··· Data for this exercise

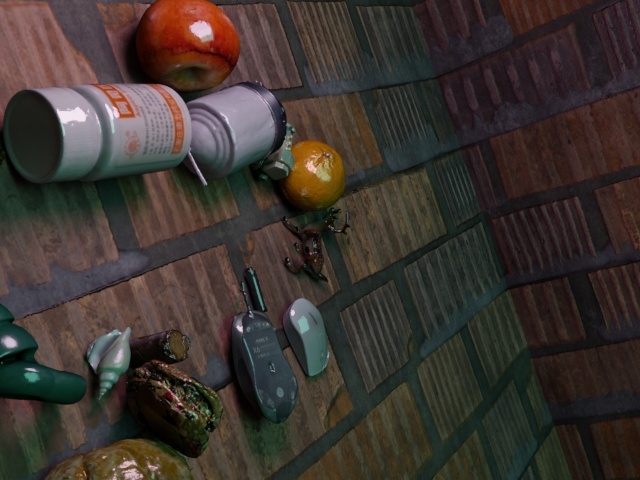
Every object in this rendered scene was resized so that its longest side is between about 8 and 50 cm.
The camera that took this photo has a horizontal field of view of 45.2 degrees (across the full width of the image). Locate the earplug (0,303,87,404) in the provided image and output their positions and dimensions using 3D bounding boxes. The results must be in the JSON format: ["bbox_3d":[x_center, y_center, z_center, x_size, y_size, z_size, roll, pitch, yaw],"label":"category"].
[{"bbox_3d":[-0.566,0.211,1.420,0.280,0.164,0.257,58,30,-2],"label":"earplug"}]

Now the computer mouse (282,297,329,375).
[{"bbox_3d":[-0.030,0.275,2.199,0.128,0.079,0.230,-46,116,-49],"label":"computer mouse"}]

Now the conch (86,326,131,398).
[{"bbox_3d":[-0.453,0.258,1.647,0.065,0.088,0.180,101,-2,-50],"label":"conch"}]

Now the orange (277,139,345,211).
[{"bbox_3d":[-0.024,-0.194,2.306,0.219,0.193,0.219,8,77,-35],"label":"orange"}]

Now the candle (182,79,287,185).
[{"bbox_3d":[-0.250,-0.283,2.000,0.342,0.221,0.221,-34,104,-52],"label":"candle"}]

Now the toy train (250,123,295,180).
[{"bbox_3d":[-0.130,-0.262,2.237,0.081,0.125,0.193,41,47,-43],"label":"toy train"}]

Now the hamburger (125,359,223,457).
[{"bbox_3d":[-0.316,0.358,1.648,0.231,0.231,0.106,56,51,-23],"label":"hamburger"}]

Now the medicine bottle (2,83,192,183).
[{"bbox_3d":[-0.475,-0.238,1.680,0.372,0.211,0.210,-17,90,-55],"label":"medicine bottle"}]

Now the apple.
[{"bbox_3d":[-0.335,-0.501,1.949,0.272,0.252,0.206,4,72,-41],"label":"apple"}]

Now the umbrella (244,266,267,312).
[{"bbox_3d":[-0.176,0.136,2.093,0.036,0.031,0.133,-7,81,-77],"label":"umbrella"}]

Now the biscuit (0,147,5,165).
[{"bbox_3d":[-0.724,-0.185,1.481,0.231,0.025,0.131,38,48,-40],"label":"biscuit"}]

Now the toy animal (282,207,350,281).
[{"bbox_3d":[-0.016,-0.001,2.345,0.260,0.087,0.243,20,75,-51],"label":"toy animal"}]

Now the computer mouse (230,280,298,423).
[{"bbox_3d":[-0.168,0.291,1.993,0.167,0.090,0.379,-1,72,-54],"label":"computer mouse"}]

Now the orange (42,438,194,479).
[{"bbox_3d":[-0.373,0.532,1.513,0.369,0.211,0.270,0,74,-56],"label":"orange"}]

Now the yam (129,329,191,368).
[{"bbox_3d":[-0.362,0.241,1.699,0.079,0.141,0.079,28,54,-48],"label":"yam"}]

······

▶ [Your assignment]
Write every line above out again exactly; pictures do not belong in the copy.

▶ [Task output]
Every object in this rendered scene was resized so that its longest side is between about 8 and 50 cm.
The camera that took this photo has a horizontal field of view of 45.2 degrees (across the full width of the image). Locate the earplug (0,303,87,404) in the provided image and output their positions and dimensions using 3D bounding boxes. The results must be in the JSON format: ["bbox_3d":[x_center, y_center, z_center, x_size, y_size, z_size, roll, pitch, yaw],"label":"category"].
[{"bbox_3d":[-0.566,0.211,1.420,0.280,0.164,0.257,58,30,-2],"label":"earplug"}]

Now the computer mouse (282,297,329,375).
[{"bbox_3d":[-0.030,0.275,2.199,0.128,0.079,0.230,-46,116,-49],"label":"computer mouse"}]

Now the conch (86,326,131,398).
[{"bbox_3d":[-0.453,0.258,1.647,0.065,0.088,0.180,101,-2,-50],"label":"conch"}]

Now the orange (277,139,345,211).
[{"bbox_3d":[-0.024,-0.194,2.306,0.219,0.193,0.219,8,77,-35],"label":"orange"}]

Now the candle (182,79,287,185).
[{"bbox_3d":[-0.250,-0.283,2.000,0.342,0.221,0.221,-34,104,-52],"label":"candle"}]

Now the toy train (250,123,295,180).
[{"bbox_3d":[-0.130,-0.262,2.237,0.081,0.125,0.193,41,47,-43],"label":"toy train"}]

Now the hamburger (125,359,223,457).
[{"bbox_3d":[-0.316,0.358,1.648,0.231,0.231,0.106,56,51,-23],"label":"hamburger"}]

Now the medicine bottle (2,83,192,183).
[{"bbox_3d":[-0.475,-0.238,1.680,0.372,0.211,0.210,-17,90,-55],"label":"medicine bottle"}]

Now the apple.
[{"bbox_3d":[-0.335,-0.501,1.949,0.272,0.252,0.206,4,72,-41],"label":"apple"}]

Now the umbrella (244,266,267,312).
[{"bbox_3d":[-0.176,0.136,2.093,0.036,0.031,0.133,-7,81,-77],"label":"umbrella"}]

Now the biscuit (0,147,5,165).
[{"bbox_3d":[-0.724,-0.185,1.481,0.231,0.025,0.131,38,48,-40],"label":"biscuit"}]

Now the toy animal (282,207,350,281).
[{"bbox_3d":[-0.016,-0.001,2.345,0.260,0.087,0.243,20,75,-51],"label":"toy animal"}]

Now the computer mouse (230,280,298,423).
[{"bbox_3d":[-0.168,0.291,1.993,0.167,0.090,0.379,-1,72,-54],"label":"computer mouse"}]

Now the orange (42,438,194,479).
[{"bbox_3d":[-0.373,0.532,1.513,0.369,0.211,0.270,0,74,-56],"label":"orange"}]

Now the yam (129,329,191,368).
[{"bbox_3d":[-0.362,0.241,1.699,0.079,0.141,0.079,28,54,-48],"label":"yam"}]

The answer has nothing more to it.